**EXERCISE INPUTS:**
:::
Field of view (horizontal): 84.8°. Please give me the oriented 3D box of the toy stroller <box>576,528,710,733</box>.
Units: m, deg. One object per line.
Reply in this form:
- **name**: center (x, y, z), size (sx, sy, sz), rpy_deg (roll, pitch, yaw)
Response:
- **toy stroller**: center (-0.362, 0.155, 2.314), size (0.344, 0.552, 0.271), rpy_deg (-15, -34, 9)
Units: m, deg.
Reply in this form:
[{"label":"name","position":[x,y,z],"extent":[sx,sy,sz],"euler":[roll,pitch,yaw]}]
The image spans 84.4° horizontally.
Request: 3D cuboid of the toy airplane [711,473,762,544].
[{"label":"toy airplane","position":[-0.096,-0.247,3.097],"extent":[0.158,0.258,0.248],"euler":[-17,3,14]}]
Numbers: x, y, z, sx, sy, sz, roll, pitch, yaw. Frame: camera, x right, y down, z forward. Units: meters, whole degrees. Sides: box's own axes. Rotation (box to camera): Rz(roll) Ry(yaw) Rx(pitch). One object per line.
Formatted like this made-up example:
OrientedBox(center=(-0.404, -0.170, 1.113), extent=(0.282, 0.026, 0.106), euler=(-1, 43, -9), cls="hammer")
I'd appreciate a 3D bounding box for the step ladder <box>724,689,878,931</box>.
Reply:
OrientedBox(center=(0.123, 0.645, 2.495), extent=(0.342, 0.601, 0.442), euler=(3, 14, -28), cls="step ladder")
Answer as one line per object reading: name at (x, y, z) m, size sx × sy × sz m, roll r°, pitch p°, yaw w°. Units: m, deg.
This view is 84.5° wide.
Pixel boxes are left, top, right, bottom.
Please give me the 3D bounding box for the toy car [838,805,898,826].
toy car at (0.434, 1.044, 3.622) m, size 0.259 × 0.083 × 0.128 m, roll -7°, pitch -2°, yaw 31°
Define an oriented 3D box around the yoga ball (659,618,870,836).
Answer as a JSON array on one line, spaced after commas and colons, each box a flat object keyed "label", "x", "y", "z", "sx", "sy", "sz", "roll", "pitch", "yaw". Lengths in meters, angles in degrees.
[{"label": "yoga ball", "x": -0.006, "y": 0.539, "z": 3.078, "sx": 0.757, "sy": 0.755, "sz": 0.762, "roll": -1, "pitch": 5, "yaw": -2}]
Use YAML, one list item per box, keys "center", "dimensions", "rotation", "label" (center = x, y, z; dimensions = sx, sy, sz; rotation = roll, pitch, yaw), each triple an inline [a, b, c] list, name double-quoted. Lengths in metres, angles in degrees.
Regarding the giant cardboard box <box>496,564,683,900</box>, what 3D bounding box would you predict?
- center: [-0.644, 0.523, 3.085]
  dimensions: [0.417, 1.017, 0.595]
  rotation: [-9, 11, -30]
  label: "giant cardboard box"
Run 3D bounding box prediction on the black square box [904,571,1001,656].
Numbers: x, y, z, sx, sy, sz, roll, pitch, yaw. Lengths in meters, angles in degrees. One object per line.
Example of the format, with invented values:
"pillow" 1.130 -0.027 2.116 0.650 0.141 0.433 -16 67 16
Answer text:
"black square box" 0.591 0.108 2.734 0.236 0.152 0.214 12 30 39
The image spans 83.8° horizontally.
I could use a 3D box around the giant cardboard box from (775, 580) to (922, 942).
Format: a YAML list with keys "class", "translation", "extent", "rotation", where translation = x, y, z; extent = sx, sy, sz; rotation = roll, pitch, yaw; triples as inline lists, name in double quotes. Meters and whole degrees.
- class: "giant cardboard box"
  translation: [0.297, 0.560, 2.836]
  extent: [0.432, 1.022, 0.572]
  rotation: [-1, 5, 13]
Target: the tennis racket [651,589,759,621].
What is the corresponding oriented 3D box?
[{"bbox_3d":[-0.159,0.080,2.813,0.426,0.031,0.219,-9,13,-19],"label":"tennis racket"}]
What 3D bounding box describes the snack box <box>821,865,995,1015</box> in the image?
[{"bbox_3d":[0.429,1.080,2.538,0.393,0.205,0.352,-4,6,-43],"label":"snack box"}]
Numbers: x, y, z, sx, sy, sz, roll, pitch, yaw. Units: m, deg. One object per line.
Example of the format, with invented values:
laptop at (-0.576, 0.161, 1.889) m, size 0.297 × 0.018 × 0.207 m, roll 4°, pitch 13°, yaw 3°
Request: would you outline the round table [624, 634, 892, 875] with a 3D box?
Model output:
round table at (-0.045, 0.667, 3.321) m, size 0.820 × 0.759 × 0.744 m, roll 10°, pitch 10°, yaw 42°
:::
**WHAT YOU SHOULD DO:** The data must be given again in full. Keep every line identical.

**WRITTEN ANSWER:**
Field of view (horizontal): 84.8°. Please give me the oriented 3D box of the toy stroller <box>576,528,710,733</box>.
Units: m, deg. One object per line.
Reply in this form:
- **name**: center (x, y, z), size (sx, sy, sz), rpy_deg (roll, pitch, yaw)
Response:
- **toy stroller**: center (-0.362, 0.155, 2.314), size (0.344, 0.552, 0.271), rpy_deg (-15, -34, 9)
Units: m, deg.
Reply in this form:
[{"label":"name","position":[x,y,z],"extent":[sx,sy,sz],"euler":[roll,pitch,yaw]}]
The image spans 84.4° horizontally.
Request: 3D cuboid of the toy airplane [711,473,762,544].
[{"label":"toy airplane","position":[-0.096,-0.247,3.097],"extent":[0.158,0.258,0.248],"euler":[-17,3,14]}]
Numbers: x, y, z, sx, sy, sz, roll, pitch, yaw. Frame: camera, x right, y down, z forward. Units: meters, whole degrees. Sides: box's own axes. Rotation (box to camera): Rz(roll) Ry(yaw) Rx(pitch). One object per line.
Formatted like this made-up example:
OrientedBox(center=(-0.404, -0.170, 1.113), extent=(0.282, 0.026, 0.106), euler=(-1, 43, -9), cls="hammer")
I'd appreciate a 3D bounding box for the step ladder <box>724,689,878,931</box>.
Reply:
OrientedBox(center=(0.123, 0.645, 2.495), extent=(0.342, 0.601, 0.442), euler=(3, 14, -28), cls="step ladder")
Answer as one line per object reading: name at (x, y, z) m, size sx × sy × sz m, roll r°, pitch p°, yaw w°. Units: m, deg.
This view is 84.5° wide.
Pixel boxes are left, top, right, bottom.
Please give me the 3D bounding box for the toy car [838,805,898,826].
toy car at (0.434, 1.044, 3.622) m, size 0.259 × 0.083 × 0.128 m, roll -7°, pitch -2°, yaw 31°
Define an oriented 3D box around the yoga ball (659,618,870,836).
Answer as a JSON array on one line, spaced after commas and colons, each box a flat object keyed "label", "x", "y", "z", "sx", "sy", "sz", "roll", "pitch", "yaw". Lengths in meters, angles in degrees.
[{"label": "yoga ball", "x": -0.006, "y": 0.539, "z": 3.078, "sx": 0.757, "sy": 0.755, "sz": 0.762, "roll": -1, "pitch": 5, "yaw": -2}]
Use YAML, one list item per box, keys "center", "dimensions", "rotation", "label" (center = x, y, z; dimensions = sx, sy, sz; rotation = roll, pitch, yaw), each triple an inline [a, b, c] list, name double-quoted. Lengths in metres, angles in degrees.
Regarding the giant cardboard box <box>496,564,683,900</box>, what 3D bounding box would you predict?
- center: [-0.644, 0.523, 3.085]
  dimensions: [0.417, 1.017, 0.595]
  rotation: [-9, 11, -30]
  label: "giant cardboard box"
Run 3D bounding box prediction on the black square box [904,571,1001,656].
Numbers: x, y, z, sx, sy, sz, roll, pitch, yaw. Lengths in meters, angles in degrees. One object per line.
Example of the format, with invented values:
"pillow" 1.130 -0.027 2.116 0.650 0.141 0.433 -16 67 16
Answer text:
"black square box" 0.591 0.108 2.734 0.236 0.152 0.214 12 30 39
The image spans 83.8° horizontally.
I could use a 3D box around the giant cardboard box from (775, 580) to (922, 942).
Format: a YAML list with keys "class", "translation", "extent", "rotation", where translation = x, y, z; extent = sx, sy, sz; rotation = roll, pitch, yaw; triples as inline lists, name in double quotes. Meters and whole degrees.
- class: "giant cardboard box"
  translation: [0.297, 0.560, 2.836]
  extent: [0.432, 1.022, 0.572]
  rotation: [-1, 5, 13]
Target: the tennis racket [651,589,759,621].
What is the corresponding oriented 3D box?
[{"bbox_3d":[-0.159,0.080,2.813,0.426,0.031,0.219,-9,13,-19],"label":"tennis racket"}]
What 3D bounding box describes the snack box <box>821,865,995,1015</box> in the image?
[{"bbox_3d":[0.429,1.080,2.538,0.393,0.205,0.352,-4,6,-43],"label":"snack box"}]
Numbers: x, y, z, sx, sy, sz, roll, pitch, yaw. Units: m, deg. One object per line.
Example of the format, with invented values:
laptop at (-0.576, 0.161, 1.889) m, size 0.297 × 0.018 × 0.207 m, roll 4°, pitch 13°, yaw 3°
Request: would you outline the round table [624, 634, 892, 875] with a 3D box?
Model output:
round table at (-0.045, 0.667, 3.321) m, size 0.820 × 0.759 × 0.744 m, roll 10°, pitch 10°, yaw 42°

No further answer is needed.